Buone notizie dal ministro Alberto Bonisoli, che oggi ha incontrato la sindaca di Torino Chiara Appendino e il sovrintendente del Regio William Graziosi. Il ministero dei Beni Culturali infatti investirà 8,5 milioni per il Teatro torinese.

«Avevo già discusso con la sindaca – annuncia Bonisoli – di un possibile intervento di investimento. Abbiamo visto il piano e a questo punto sono contento di dirvi che lo abbiamo accettato e siamo pronti ad investire 8,5 milioni, che verranno destinati per diverse opere di ristrutturazione, in particolare della scena teatrale, per poterla meccanizzare, il che farà sì che il teatro risulti essere molto più efficiente e moderno».

«Il finanziamento – spiega il ministro – è stato approvato ieri ed è mio interesse che i fondi vengano spesi, questa è la mia preoccupazione principale. Per quanto riguarda i lavori mi raccomando la giusta celerità, vogliamo spendere i fondi nel giro di 18 mesi».

Si dice soddisfatta la sindaca Appendino: «Gli investimenti ci servono per una serie di interventi che permettono al teatro di agire su entrambe le leve: sui costi, diminuendo quelli di gestione, e sui ricavi, rendendolo più attrattivo».

«Ringrazio il ministro per averci supportato non solo dal lato economico, ma proprio nella definizione del piano industriale e delle linee guida: il piano si basa fortemente – aggiunge Appendino – sugli investimenti che portano il teatro ad essere molto più attrattivo rispetto ad oggi. Col ministro abbiamo discusso anche di come far partire subito gli investimenti».

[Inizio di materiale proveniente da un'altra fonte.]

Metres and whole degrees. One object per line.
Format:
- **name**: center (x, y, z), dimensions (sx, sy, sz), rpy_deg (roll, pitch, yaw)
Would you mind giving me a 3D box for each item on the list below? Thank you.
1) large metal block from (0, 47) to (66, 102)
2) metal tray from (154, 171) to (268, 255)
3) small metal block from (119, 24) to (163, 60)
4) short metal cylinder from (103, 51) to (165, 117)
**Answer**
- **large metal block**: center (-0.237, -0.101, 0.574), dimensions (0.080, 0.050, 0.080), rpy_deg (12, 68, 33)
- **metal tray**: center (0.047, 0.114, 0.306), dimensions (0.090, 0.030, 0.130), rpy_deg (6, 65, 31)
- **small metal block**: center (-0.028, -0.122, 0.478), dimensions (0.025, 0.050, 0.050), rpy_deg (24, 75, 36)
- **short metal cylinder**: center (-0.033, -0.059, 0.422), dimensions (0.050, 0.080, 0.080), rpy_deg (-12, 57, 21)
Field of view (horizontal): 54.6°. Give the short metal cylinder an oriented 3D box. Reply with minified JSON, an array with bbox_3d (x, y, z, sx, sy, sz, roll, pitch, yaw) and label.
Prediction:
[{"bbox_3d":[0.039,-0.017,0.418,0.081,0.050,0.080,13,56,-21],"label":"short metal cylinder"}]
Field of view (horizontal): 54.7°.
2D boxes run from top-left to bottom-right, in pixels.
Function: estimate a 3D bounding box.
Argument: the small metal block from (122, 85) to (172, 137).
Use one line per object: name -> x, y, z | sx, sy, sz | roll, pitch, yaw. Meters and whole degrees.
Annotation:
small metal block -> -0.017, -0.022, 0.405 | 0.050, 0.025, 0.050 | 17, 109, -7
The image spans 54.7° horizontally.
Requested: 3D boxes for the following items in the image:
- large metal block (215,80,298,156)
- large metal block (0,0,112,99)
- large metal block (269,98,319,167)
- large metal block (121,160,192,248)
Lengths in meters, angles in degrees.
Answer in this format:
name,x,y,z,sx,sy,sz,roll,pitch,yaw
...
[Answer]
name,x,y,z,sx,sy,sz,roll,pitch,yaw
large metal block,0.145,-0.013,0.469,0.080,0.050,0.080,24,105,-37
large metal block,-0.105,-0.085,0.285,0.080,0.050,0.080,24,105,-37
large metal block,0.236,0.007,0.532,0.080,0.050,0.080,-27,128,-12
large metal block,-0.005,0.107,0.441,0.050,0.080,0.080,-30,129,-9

«Il teatro – continua Appendino – si strutturerà per far partire il prima possibile le gare e spendere queste risorse, che sono tasselli fondamentali per l’attuazione del piano. Credo che la collaborazione tra enti permetterà al teatro di fare il passo in avanti tanto atteso».

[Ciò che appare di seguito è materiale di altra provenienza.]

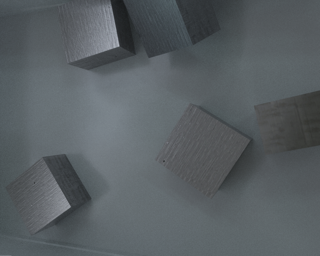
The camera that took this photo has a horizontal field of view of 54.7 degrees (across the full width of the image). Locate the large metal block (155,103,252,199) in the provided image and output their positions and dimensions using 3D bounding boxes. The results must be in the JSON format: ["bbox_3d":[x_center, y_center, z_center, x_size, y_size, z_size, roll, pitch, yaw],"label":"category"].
[{"bbox_3d":[0.054,0.026,0.378,0.080,0.050,0.080,34,101,16],"label":"large metal block"}]

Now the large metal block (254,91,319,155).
[{"bbox_3d":[0.148,-0.007,0.329,0.080,0.080,0.050,-13,86,19],"label":"large metal block"}]

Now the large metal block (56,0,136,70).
[{"bbox_3d":[-0.087,-0.133,0.427,0.080,0.050,0.080,-13,86,19],"label":"large metal block"}]

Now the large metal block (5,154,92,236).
[{"bbox_3d":[-0.163,0.095,0.453,0.080,0.050,0.080,-37,79,16],"label":"large metal block"}]

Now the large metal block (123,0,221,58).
[{"bbox_3d":[0.012,-0.134,0.359,0.080,0.050,0.080,0,121,52],"label":"large metal block"}]
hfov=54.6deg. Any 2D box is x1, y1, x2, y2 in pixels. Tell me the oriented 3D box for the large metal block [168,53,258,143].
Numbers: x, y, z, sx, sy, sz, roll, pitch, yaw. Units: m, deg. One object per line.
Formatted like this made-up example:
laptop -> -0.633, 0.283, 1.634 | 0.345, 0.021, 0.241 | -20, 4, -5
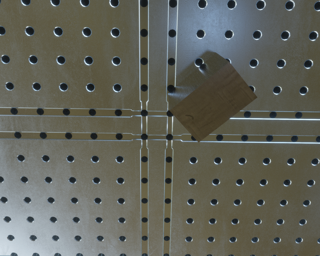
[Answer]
large metal block -> 0.057, -0.040, 0.370 | 0.080, 0.080, 0.050 | -39, 106, 13

Per Grazioli il «giudizio positivo del ministro sul piano industriale ci ha fatto molto piacere».

«Gli 8,5 milioni di euro in arrivo “saranno utilizzati per migliorare in particolare il palcoscenico, per consentirci di implementare la nostra produzione, rendendola più facile e, magari, più economica», conclude il sovrintendente del Regio.